While running Nomad I've been running into a bootstrapping/critical path problem. I have a Docker Registry running in the cluster and pulling an image requires:
The Registry is required to serve the image.
Traefik routes the requests to the Registry as well as requesting Lets Encrypt certificates
GoCast announces the floating IP for Traefik
Minio stores the images for the Registry
Separate from bootstrapping, just updating the image of many of these will require everything to already be running, just to pull the next image. There is an open bug to address this in Nomad, but it doesn't seem like it's going to be resolved anytime soon.
When updating Traefik I run into a condition that GoCast has created the floating IP addr on the host but Traefik isn't running. The floating IP won't work while Traefik is running-but-not-serving. GoCast BGP is working correctly in that the floating IP is not accounced to the network, but the updating host still can't reach the other-host instances of the floating IP. I'm not sure if leaving the addr in place is a feature or a bug.
A way around this would be to run multiple instances of Traefik on each host.

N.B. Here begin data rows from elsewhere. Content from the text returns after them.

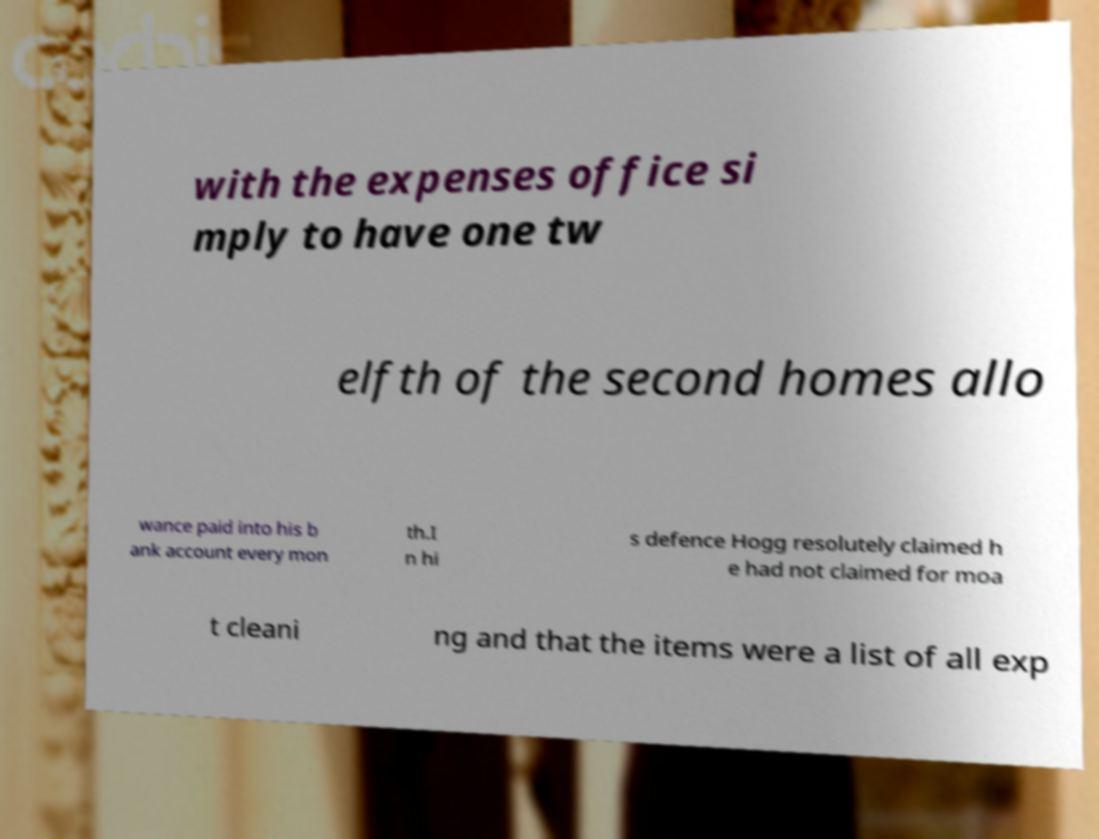There's text embedded in this image that I need extracted. Can you transcribe it verbatim? with the expenses office si mply to have one tw elfth of the second homes allo wance paid into his b ank account every mon th.I n hi s defence Hogg resolutely claimed h e had not claimed for moa t cleani ng and that the items were a list of all exp 
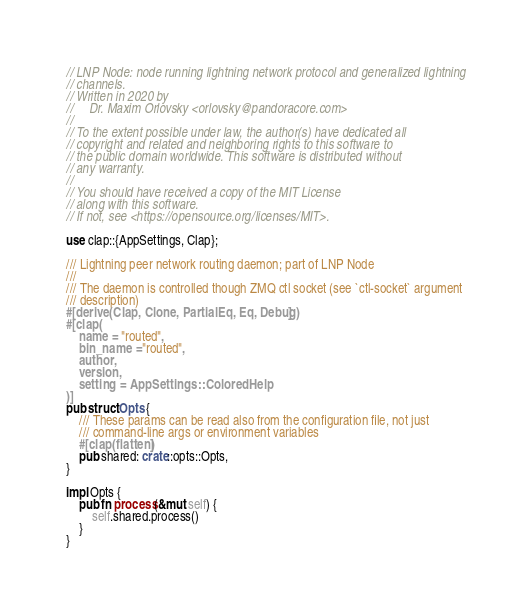Convert code to text. <code><loc_0><loc_0><loc_500><loc_500><_Rust_>// LNP Node: node running lightning network protocol and generalized lightning
// channels.
// Written in 2020 by
//     Dr. Maxim Orlovsky <orlovsky@pandoracore.com>
//
// To the extent possible under law, the author(s) have dedicated all
// copyright and related and neighboring rights to this software to
// the public domain worldwide. This software is distributed without
// any warranty.
//
// You should have received a copy of the MIT License
// along with this software.
// If not, see <https://opensource.org/licenses/MIT>.

use clap::{AppSettings, Clap};

/// Lightning peer network routing daemon; part of LNP Node
///
/// The daemon is controlled though ZMQ ctl socket (see `ctl-socket` argument
/// description)
#[derive(Clap, Clone, PartialEq, Eq, Debug)]
#[clap(
    name = "routed",
    bin_name = "routed",
    author,
    version,
    setting = AppSettings::ColoredHelp
)]
pub struct Opts {
    /// These params can be read also from the configuration file, not just
    /// command-line args or environment variables
    #[clap(flatten)]
    pub shared: crate::opts::Opts,
}

impl Opts {
    pub fn process(&mut self) {
        self.shared.process()
    }
}
</code> 
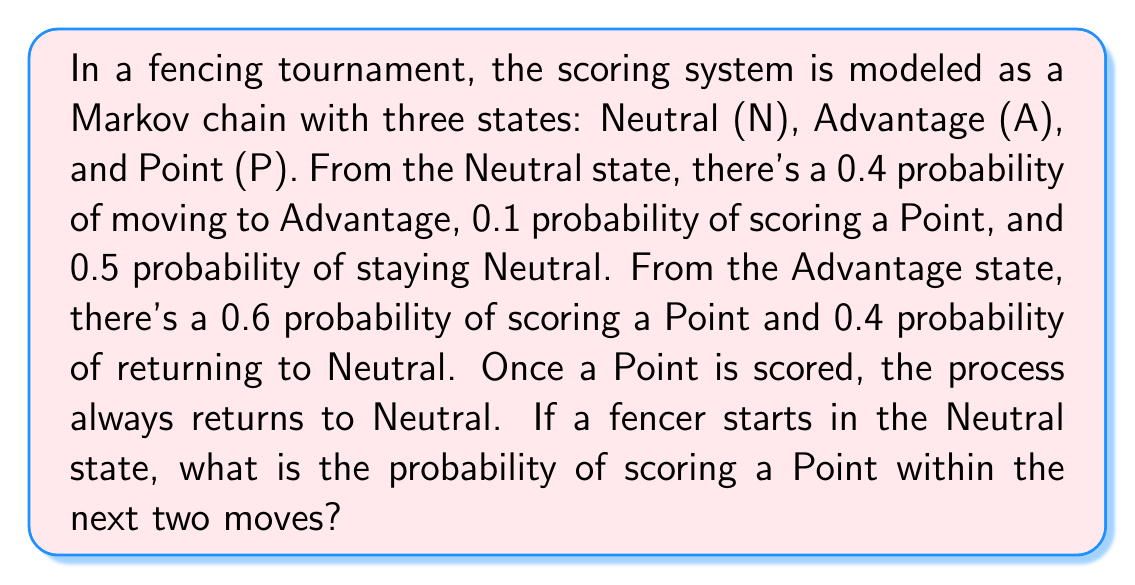Can you solve this math problem? Let's approach this step-by-step:

1) First, we need to identify the possible paths to score a Point within two moves:
   a) N → P (direct point)
   b) N → A → P (advantage then point)

2) Let's calculate the probability of each path:

   a) N → P: 
      Probability = 0.1

   b) N → A → P:
      Probability = P(N → A) * P(A → P)
                  = 0.4 * 0.6 = 0.24

3) The total probability is the sum of these two probabilities:

   P(scoring a Point within two moves) = P(N → P) + P(N → A → P)
                                       = 0.1 + 0.24 = 0.34

4) We can verify this using the transition matrix method:

   The transition matrix P is:

   $$P = \begin{bmatrix}
   0.5 & 0.4 & 0.1 \\
   0.4 & 0 & 0.6 \\
   1 & 0 & 0
   \end{bmatrix}$$

   The initial state vector is $\pi_0 = [1 \; 0 \; 0]$ (starting in Neutral)

   After one move: $\pi_1 = \pi_0 P = [0.5 \; 0.4 \; 0.1]$
   After two moves: $\pi_2 = \pi_1 P = [0.66 \; 0.24 \; 0.34]$

   The probability of being in the Point state after two moves is 0.34, confirming our calculation.
Answer: 0.34 
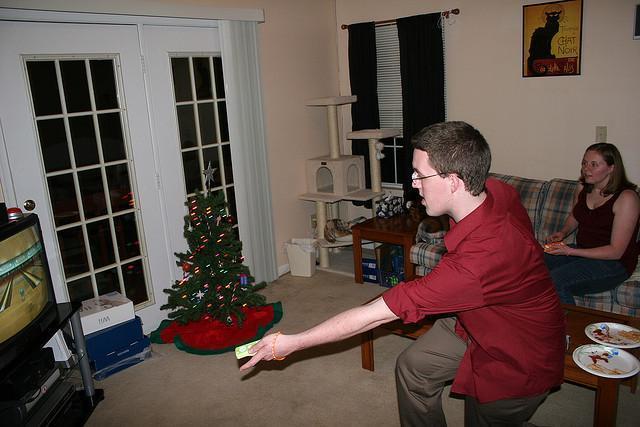What kind of game is the man playing?
Answer the question by selecting the correct answer among the 4 following choices and explain your choice with a short sentence. The answer should be formatted with the following format: `Answer: choice
Rationale: rationale.`
Options: Building, bowling, shooting, dancing. Answer: bowling.
Rationale: The television screen shows a ball and lanes.

As currently setup though I need to bind multiple instances of Traefik to the same ports and SO_REUSEPORT isn't supported. With GoCast I could map the floating IP ports to container ports and not require host networking (thus avoiding the port collision) but that may be quite burdensome to manage. I also haven't tried running multiple ports with GoCast NAT'ing.
For the Traefik case of not being able to pull the image there are some workarounds. Manually pulling, or system batch jobs could solve this but is fairly manual.
regclient has a daemon mode that can pull/sync images to registries, but it doesn't support pushing to a Docker Engine.
I've started on a tool to prefetch Docker images based on a config file. Updating the config file appropriately to match the image used in Nomad Jobs is still a problem. This uses the Docker Engine API via the Rust docker_api crate to pull the image to the host.
Nomad Consul Template though can populate the config file from Consul to avoid manual file updates thought which isn't terrible. I'm not sure if there is a nice way to integrate with the Nomad API to watch what images might be needed and pull the in in advance of any job using it.
This has solved my case for updating parts of the critical path of Docker Image hosting. It doesn't fully solve the bootstrapping case though where none of the services are running yet. An idea though is to extend the config/API calls to have the "expected" image tag Nomad would look for and a "source". If the "expected" image cannot be pulled, try the "source" and tag it locally as the "expected" tag. This would allow prefetching all images required for bootstrapping the system!